WHAT YOU ARE ASKED TO DO
Write out the entries below exactly, but only from the line containing "What is the name" through the line containing "Answer: John Doe", and without the pictures.

----- INFORMATION

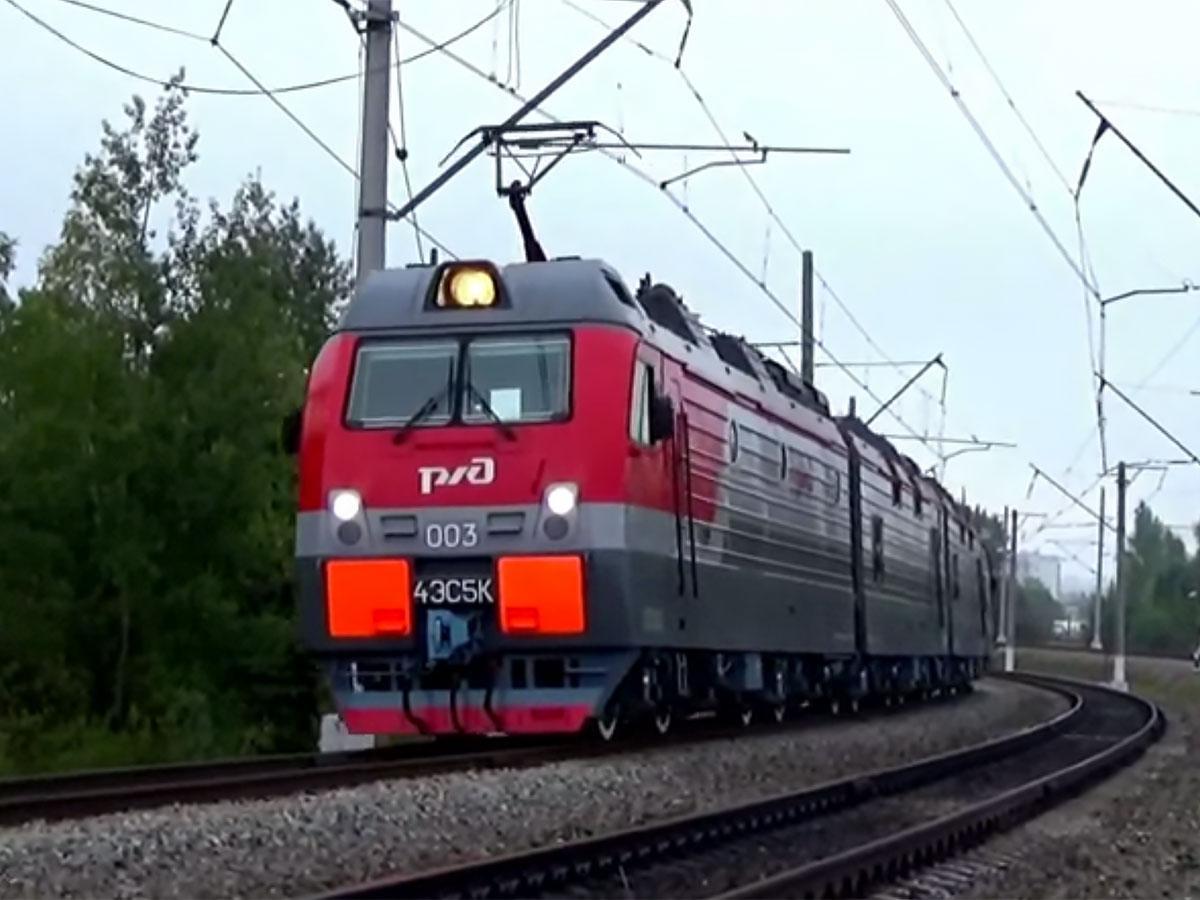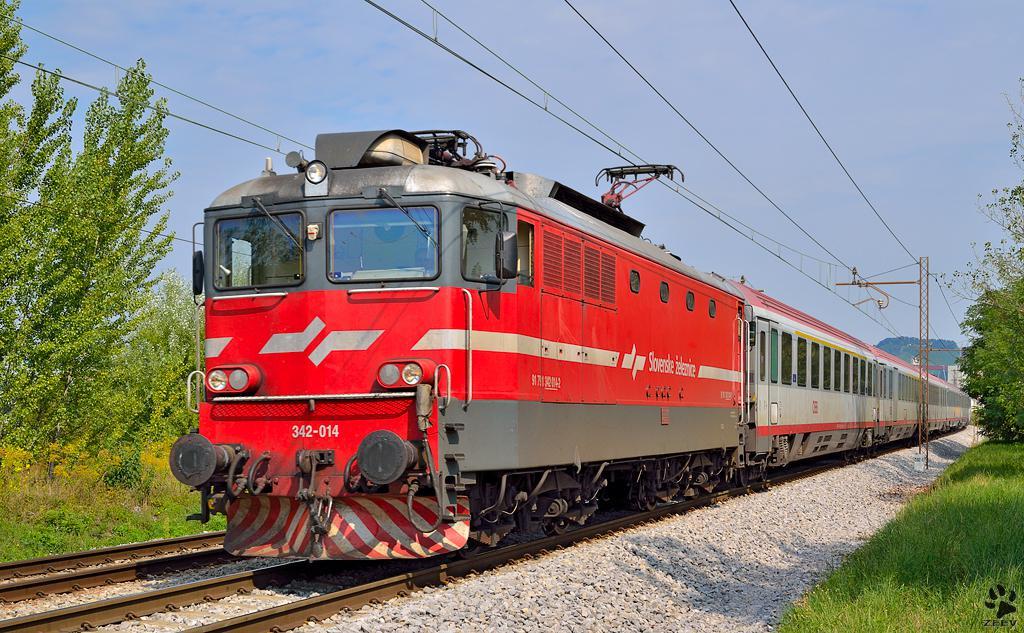The first image is the image on the left, the second image is the image on the right. Given the left and right images, does the statement "All trains are angled forward in the same direction." hold true? Answer yes or no. Yes. The first image is the image on the left, the second image is the image on the right. Examine the images to the left and right. Is the description "There are two red trains sitting on train tracks." accurate? Answer yes or no. Yes. 
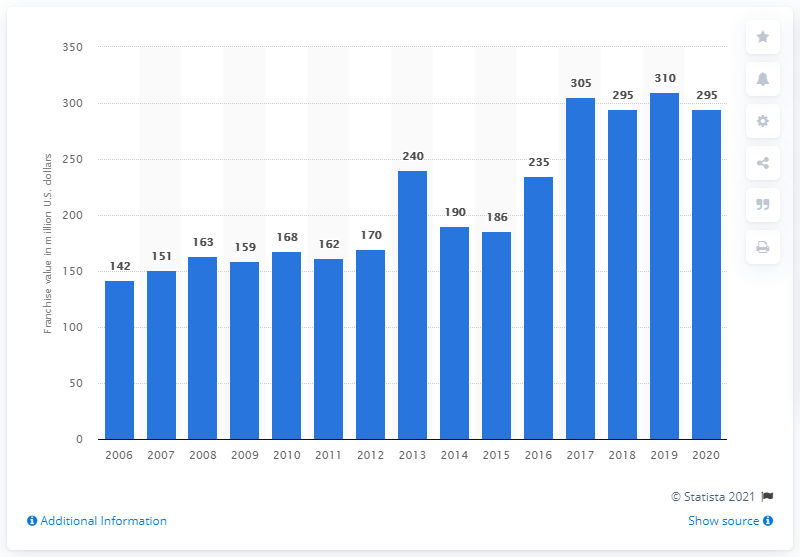Outline some significant characteristics in this image. The value of the Florida Panthers in 2020 was approximately 295 million dollars. 
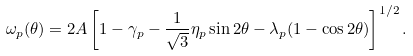<formula> <loc_0><loc_0><loc_500><loc_500>\omega _ { p } ( \theta ) = 2 A \left [ 1 - \gamma _ { p } - \frac { 1 } { \sqrt { 3 } } \eta _ { p } \sin 2 \theta - \lambda _ { p } ( 1 - \cos 2 \theta ) \right ] ^ { 1 / 2 } .</formula> 
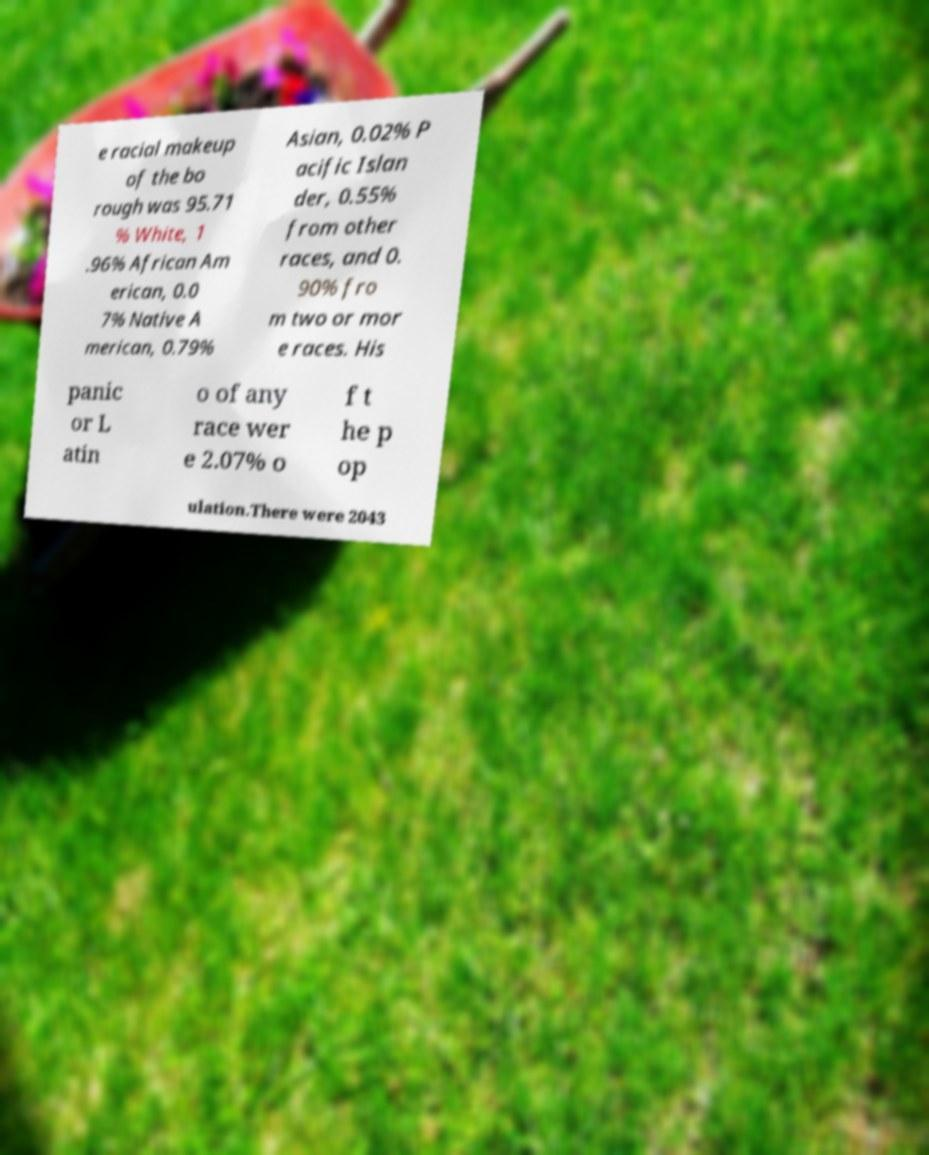There's text embedded in this image that I need extracted. Can you transcribe it verbatim? e racial makeup of the bo rough was 95.71 % White, 1 .96% African Am erican, 0.0 7% Native A merican, 0.79% Asian, 0.02% P acific Islan der, 0.55% from other races, and 0. 90% fro m two or mor e races. His panic or L atin o of any race wer e 2.07% o f t he p op ulation.There were 2043 
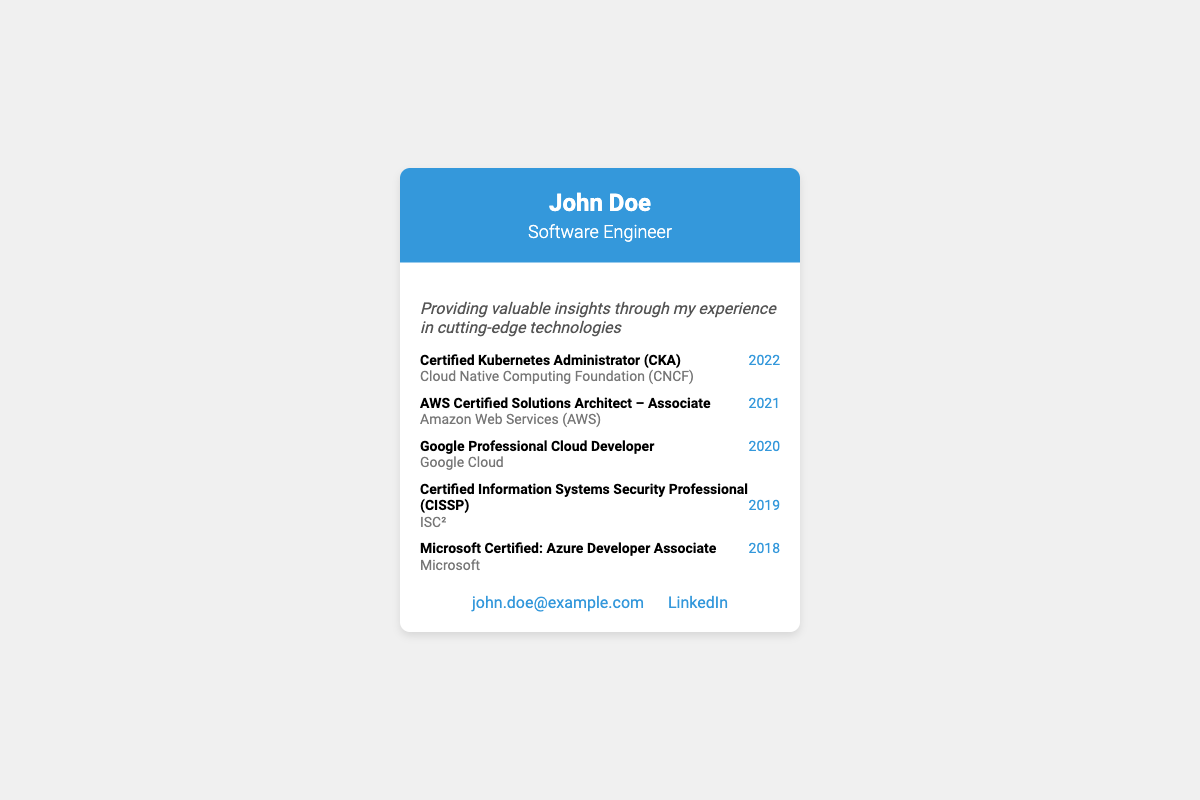What is the name on the business card? The name on the business card is clearly displayed at the top in large font.
Answer: John Doe What is the title of the individual? The title is indicated right below the name, specifying the individual's profession.
Answer: Software Engineer Which certification was completed in 2022? The certifications are listed chronologically, making it easy to identify the one completed in that year.
Answer: Certified Kubernetes Administrator (CKA) Who issued the AWS Certified Solutions Architect certification? Each certification has the issuer noted right below it, providing this information.
Answer: Amazon Web Services (AWS) What year was the Microsoft Certified: Azure Developer Associate certification completed? The year of completion is listed next to each certification, allowing for straightforward retrieval.
Answer: 2018 What does the insight on the card emphasize? The insight provides a brief statement about the individual's professional focus, found in the content section.
Answer: Valuable insights Which social media platform is mentioned for contact? The social media platform is indicated in the contact section, detailing where to find the individual online.
Answer: LinkedIn How many certifications are listed on the card? By counting the items in the certifications section, the total can be easily determined.
Answer: Five What type of card is this document presenting? The overall layout and design align with standard characteristics of this document type.
Answer: Business card 
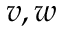Convert formula to latex. <formula><loc_0><loc_0><loc_500><loc_500>v , w</formula> 
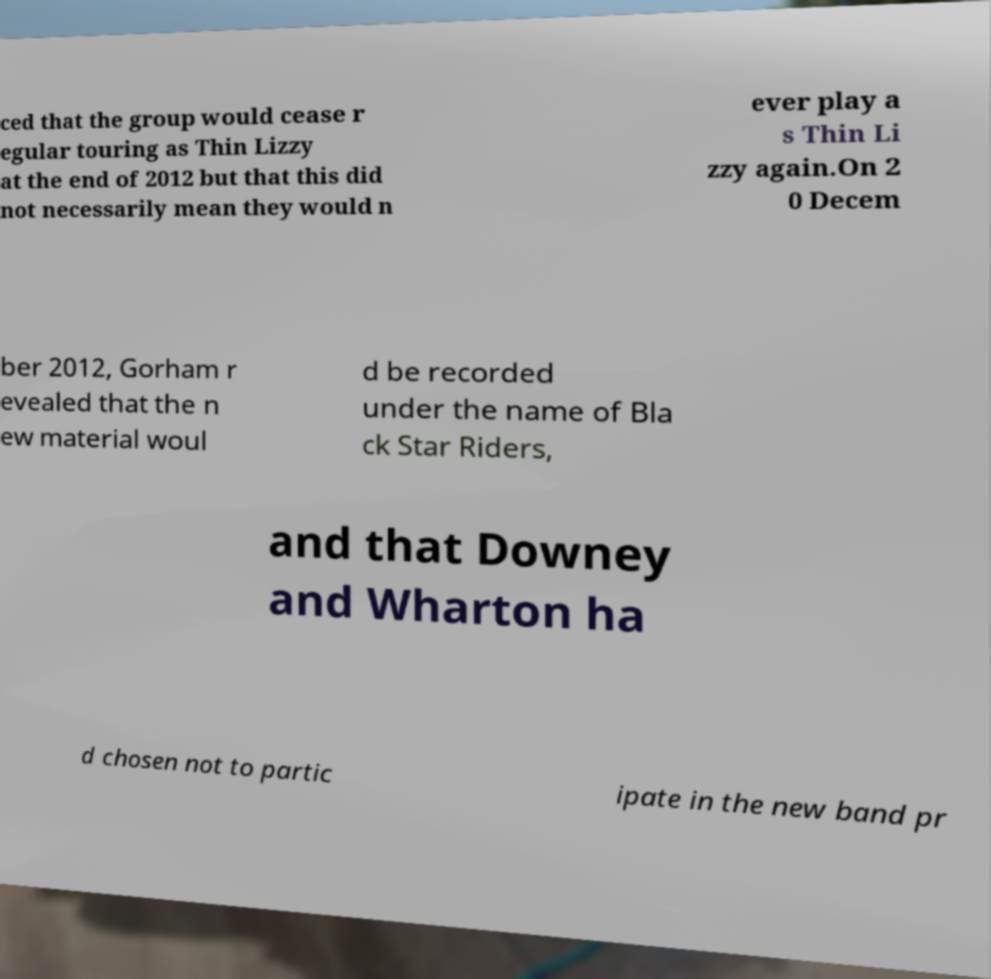Can you accurately transcribe the text from the provided image for me? ced that the group would cease r egular touring as Thin Lizzy at the end of 2012 but that this did not necessarily mean they would n ever play a s Thin Li zzy again.On 2 0 Decem ber 2012, Gorham r evealed that the n ew material woul d be recorded under the name of Bla ck Star Riders, and that Downey and Wharton ha d chosen not to partic ipate in the new band pr 
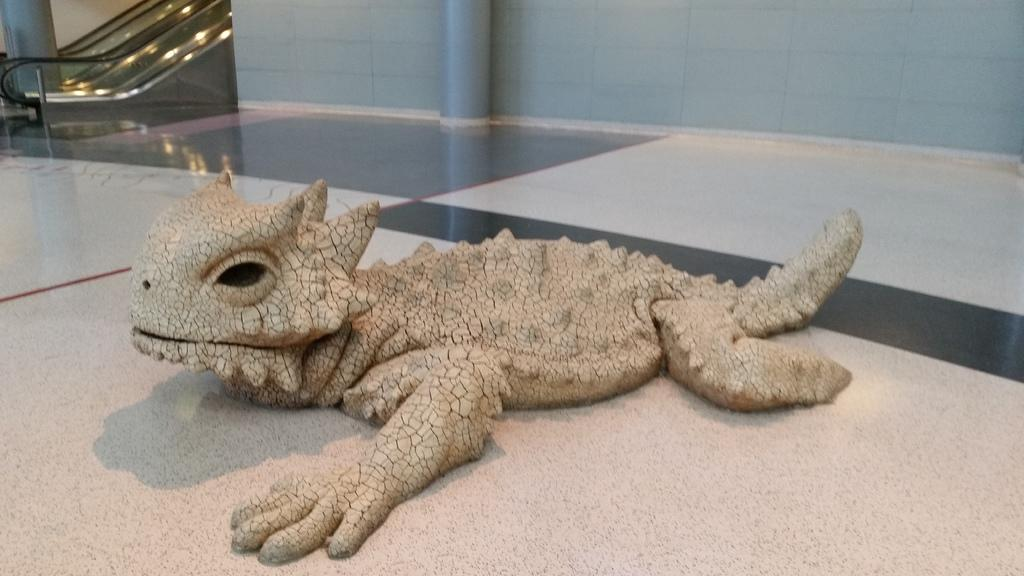What type of toy is on the surface in the image? There is a toy reptile on the surface in the image. What can be seen in the background of the image? There is a wall visible in the image. What architectural feature is present in the image? There is a pillar in the image. What type of transportation is depicted in the image? There is an escalator in the image. What type of pancake is being served on the escalator in the image? There is no pancake present in the image, and the escalator is not serving any food. 
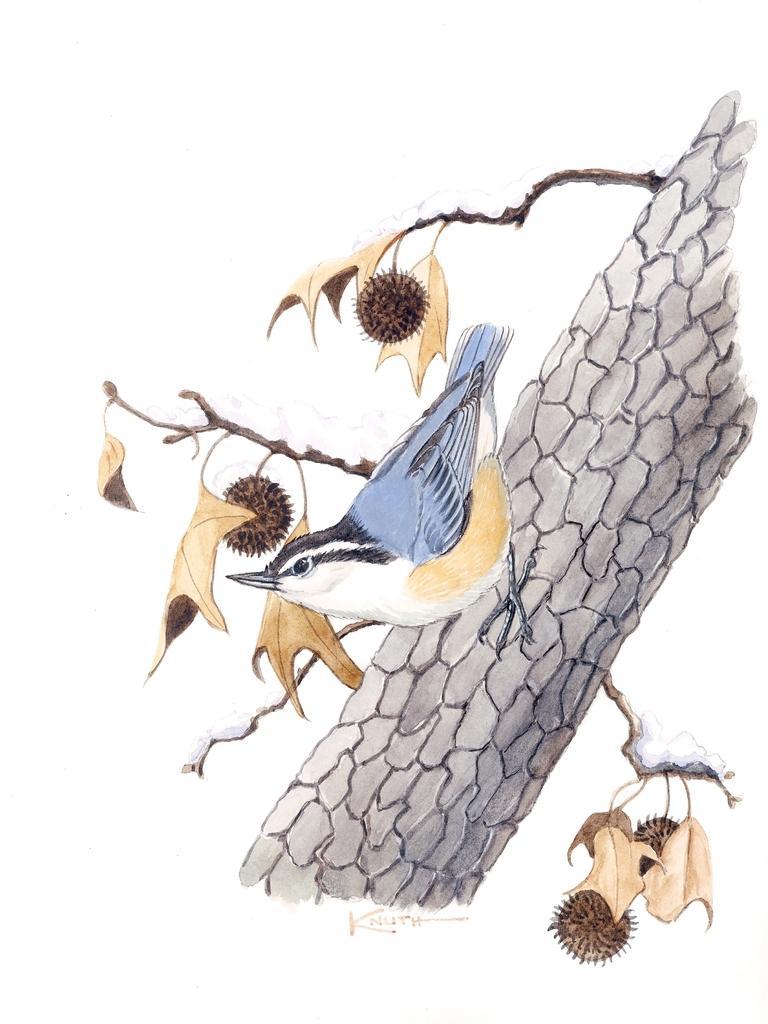Can you describe this image briefly? This looks like a painting. There is a tree and there is a bird on that tree. 
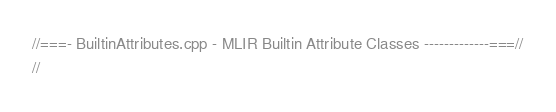<code> <loc_0><loc_0><loc_500><loc_500><_C++_>//===- BuiltinAttributes.cpp - MLIR Builtin Attribute Classes -------------===//
//</code>

----------

FINAL ANSWER
What is the name on the business card? The name on the business card is clearly displayed at the top in large font.
Answer: John Doe What is the title of the individual? The title is indicated right below the name, specifying the individual's profession.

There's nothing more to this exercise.